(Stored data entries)
◆ ◆ ◆ ◆ ◆ ◆ ◆
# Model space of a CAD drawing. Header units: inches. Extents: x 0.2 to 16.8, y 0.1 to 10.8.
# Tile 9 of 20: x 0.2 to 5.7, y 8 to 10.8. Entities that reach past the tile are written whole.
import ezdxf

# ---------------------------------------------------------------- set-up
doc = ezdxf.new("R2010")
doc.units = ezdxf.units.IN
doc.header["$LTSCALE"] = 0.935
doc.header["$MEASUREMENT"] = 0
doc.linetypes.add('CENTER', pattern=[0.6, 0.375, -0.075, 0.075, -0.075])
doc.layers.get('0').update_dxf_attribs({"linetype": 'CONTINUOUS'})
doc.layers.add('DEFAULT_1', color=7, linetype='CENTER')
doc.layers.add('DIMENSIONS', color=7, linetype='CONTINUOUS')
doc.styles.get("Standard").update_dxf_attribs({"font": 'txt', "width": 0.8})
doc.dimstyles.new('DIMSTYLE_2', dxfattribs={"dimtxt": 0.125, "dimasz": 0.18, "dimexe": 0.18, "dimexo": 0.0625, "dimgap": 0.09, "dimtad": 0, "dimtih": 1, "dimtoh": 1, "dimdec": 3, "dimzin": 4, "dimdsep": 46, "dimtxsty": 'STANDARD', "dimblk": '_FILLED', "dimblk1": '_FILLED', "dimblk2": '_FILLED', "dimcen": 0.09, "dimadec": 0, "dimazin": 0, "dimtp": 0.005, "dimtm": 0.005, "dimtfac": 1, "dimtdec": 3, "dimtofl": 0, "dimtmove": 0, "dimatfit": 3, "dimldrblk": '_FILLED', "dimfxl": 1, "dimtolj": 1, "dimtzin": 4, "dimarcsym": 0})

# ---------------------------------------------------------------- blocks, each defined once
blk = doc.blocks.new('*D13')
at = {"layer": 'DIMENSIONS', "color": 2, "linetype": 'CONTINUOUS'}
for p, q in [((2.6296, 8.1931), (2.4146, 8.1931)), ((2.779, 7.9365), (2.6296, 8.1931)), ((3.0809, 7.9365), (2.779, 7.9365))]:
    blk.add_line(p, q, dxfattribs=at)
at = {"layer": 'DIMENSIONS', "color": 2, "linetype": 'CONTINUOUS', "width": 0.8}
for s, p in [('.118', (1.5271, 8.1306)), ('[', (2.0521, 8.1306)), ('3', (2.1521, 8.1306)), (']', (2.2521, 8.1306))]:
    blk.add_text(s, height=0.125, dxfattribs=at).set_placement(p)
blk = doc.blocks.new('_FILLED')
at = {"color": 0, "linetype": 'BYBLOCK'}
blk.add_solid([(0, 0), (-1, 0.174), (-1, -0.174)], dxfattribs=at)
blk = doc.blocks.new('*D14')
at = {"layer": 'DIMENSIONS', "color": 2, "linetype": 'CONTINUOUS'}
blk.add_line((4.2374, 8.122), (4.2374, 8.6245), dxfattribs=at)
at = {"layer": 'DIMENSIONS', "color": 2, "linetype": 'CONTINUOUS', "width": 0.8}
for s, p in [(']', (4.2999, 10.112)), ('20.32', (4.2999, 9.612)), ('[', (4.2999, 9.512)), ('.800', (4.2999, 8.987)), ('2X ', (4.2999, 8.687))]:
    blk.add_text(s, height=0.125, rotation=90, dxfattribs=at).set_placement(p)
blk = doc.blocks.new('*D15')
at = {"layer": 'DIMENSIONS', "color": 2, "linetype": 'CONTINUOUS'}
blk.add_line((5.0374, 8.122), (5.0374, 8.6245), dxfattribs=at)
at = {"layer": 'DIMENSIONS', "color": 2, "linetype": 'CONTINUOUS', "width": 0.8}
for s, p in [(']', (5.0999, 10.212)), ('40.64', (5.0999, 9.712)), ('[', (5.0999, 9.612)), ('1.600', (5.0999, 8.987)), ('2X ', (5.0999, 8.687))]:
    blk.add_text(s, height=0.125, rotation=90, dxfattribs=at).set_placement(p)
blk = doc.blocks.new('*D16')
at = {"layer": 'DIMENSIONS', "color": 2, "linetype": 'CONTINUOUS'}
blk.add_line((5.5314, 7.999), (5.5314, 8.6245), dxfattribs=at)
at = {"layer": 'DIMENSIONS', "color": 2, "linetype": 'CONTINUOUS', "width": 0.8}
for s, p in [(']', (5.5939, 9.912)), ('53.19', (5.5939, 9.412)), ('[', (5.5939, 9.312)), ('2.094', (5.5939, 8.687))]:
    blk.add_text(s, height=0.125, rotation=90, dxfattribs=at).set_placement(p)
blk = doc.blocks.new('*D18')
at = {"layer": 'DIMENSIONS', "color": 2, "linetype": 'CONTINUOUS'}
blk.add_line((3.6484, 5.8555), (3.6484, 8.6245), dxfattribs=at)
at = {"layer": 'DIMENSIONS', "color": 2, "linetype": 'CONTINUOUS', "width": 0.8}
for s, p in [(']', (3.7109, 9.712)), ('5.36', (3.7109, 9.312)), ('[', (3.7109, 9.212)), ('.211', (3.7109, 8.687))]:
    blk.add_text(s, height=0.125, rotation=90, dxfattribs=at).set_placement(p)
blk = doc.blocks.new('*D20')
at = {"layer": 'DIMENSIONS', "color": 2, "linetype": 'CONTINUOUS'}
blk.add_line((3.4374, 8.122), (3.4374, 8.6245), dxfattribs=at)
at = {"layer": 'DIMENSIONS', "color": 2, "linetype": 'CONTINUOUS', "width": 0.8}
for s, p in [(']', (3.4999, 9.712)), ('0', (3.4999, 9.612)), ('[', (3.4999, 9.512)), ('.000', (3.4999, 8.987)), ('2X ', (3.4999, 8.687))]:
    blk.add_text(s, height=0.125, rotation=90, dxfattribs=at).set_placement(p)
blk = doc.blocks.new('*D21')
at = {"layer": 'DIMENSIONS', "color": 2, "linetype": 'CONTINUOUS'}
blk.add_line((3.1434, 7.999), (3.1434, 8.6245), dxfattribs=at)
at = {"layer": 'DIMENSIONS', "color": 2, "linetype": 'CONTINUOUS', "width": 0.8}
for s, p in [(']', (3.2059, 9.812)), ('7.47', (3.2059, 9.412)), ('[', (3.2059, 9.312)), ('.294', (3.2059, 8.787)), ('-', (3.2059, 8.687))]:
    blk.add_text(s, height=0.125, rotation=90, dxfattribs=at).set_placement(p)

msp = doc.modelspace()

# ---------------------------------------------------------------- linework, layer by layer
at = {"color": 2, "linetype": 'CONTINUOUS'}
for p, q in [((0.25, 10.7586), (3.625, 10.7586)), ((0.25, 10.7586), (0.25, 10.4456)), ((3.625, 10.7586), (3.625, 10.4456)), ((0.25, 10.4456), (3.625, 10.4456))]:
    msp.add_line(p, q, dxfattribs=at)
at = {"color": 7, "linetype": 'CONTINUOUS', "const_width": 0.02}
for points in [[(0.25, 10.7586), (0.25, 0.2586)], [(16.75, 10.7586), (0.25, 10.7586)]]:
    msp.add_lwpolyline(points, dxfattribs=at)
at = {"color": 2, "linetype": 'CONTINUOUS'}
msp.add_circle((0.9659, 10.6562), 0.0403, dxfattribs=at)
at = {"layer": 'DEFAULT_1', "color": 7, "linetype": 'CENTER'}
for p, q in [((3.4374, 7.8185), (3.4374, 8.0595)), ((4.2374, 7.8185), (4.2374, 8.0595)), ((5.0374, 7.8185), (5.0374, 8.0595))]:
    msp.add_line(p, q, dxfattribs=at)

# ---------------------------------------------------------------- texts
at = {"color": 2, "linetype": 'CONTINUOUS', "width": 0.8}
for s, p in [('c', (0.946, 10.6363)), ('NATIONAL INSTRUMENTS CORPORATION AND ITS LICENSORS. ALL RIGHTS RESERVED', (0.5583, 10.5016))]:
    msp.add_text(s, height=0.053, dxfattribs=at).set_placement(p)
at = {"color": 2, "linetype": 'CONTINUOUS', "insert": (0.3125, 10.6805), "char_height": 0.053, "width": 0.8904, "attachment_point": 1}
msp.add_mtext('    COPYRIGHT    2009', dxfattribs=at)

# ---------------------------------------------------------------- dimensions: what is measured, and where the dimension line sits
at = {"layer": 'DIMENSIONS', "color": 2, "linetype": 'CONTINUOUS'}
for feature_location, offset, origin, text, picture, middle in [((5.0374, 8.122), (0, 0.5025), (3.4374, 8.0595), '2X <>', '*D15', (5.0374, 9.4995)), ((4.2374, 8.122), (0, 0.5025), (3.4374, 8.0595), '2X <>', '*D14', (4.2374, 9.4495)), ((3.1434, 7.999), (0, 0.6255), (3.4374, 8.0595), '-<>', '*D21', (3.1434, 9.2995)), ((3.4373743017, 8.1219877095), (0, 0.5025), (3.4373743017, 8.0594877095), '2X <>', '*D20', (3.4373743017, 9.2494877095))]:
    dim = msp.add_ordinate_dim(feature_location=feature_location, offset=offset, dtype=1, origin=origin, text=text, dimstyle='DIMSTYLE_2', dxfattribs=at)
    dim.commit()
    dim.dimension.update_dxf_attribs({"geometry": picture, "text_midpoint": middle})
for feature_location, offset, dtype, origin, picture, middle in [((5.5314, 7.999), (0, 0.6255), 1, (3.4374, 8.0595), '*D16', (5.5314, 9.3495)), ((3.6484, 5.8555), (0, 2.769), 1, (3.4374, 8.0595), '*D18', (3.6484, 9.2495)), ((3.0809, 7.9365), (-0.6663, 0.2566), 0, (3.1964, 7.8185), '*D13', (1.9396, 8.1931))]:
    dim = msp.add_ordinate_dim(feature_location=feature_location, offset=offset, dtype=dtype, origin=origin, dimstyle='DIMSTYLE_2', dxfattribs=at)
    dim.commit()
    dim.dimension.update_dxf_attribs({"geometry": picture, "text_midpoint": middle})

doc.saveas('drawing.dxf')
◆ ◆ ◆ ◆ ◆ ◆ ◆
◆ Exercise directions: Give again exactly, and only, the lines above starting at the one with "blk = doc.blocks.new('*D20')" and ending at the one with "blk.add_line((3.1434, 7.999), (3.1434, 8.6245), dxfattribs=at)".

◆ Finished task:
blk = doc.blocks.new('*D20')
at = {"layer": 'DIMENSIONS', "color": 2, "linetype": 'CONTINUOUS'}
blk.add_line((3.4374, 8.122), (3.4374, 8.6245), dxfattribs=at)
at = {"layer": 'DIMENSIONS', "color": 2, "linetype": 'CONTINUOUS', "width": 0.8}
for s, p in [(']', (3.4999, 9.712)), ('0', (3.4999, 9.612)), ('[', (3.4999, 9.512)), ('.000', (3.4999, 8.987)), ('2X ', (3.4999, 8.687))]:
    blk.add_text(s, height=0.125, rotation=90, dxfattribs=at).set_placement(p)
blk = doc.blocks.new('*D21')
at = {"layer": 'DIMENSIONS', "color": 2, "linetype": 'CONTINUOUS'}
blk.add_line((3.1434, 7.999), (3.1434, 8.6245), dxfattribs=at)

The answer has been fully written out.